Transcribe every line from the one containing "hfov=84.4deg. The response" through the end of the records below, exactly, but not the pictures.

> DATA RECORDS
================

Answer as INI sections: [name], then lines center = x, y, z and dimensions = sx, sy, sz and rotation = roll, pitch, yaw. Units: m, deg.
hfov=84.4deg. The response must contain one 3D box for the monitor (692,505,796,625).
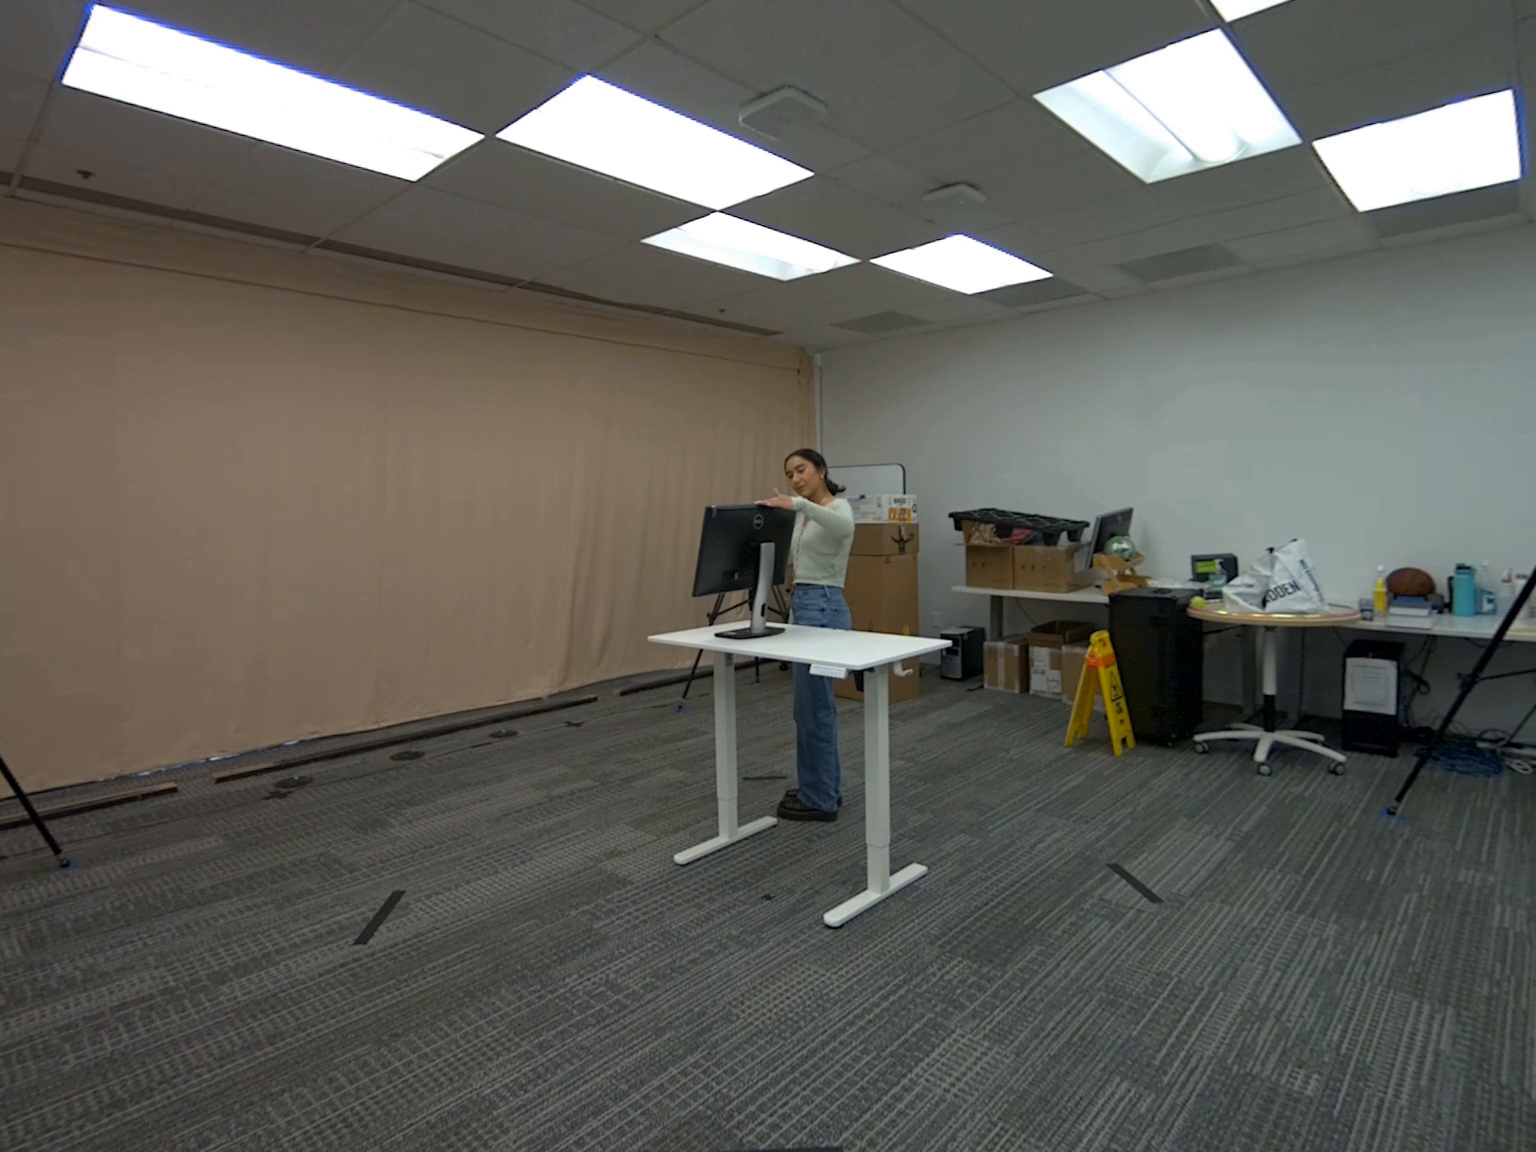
[monitor]
center = -0.056, -0.020, 3.305
dimensions = 0.193, 0.521, 0.523
rotation = 5, 7, 40

================

> ANSWER AREA
hfov=84.4deg. The response must contain one 3D box for the monitor (692,505,796,625).
[monitor]
center = -0.056, -0.020, 3.305
dimensions = 0.193, 0.521, 0.523
rotation = 5, 7, 40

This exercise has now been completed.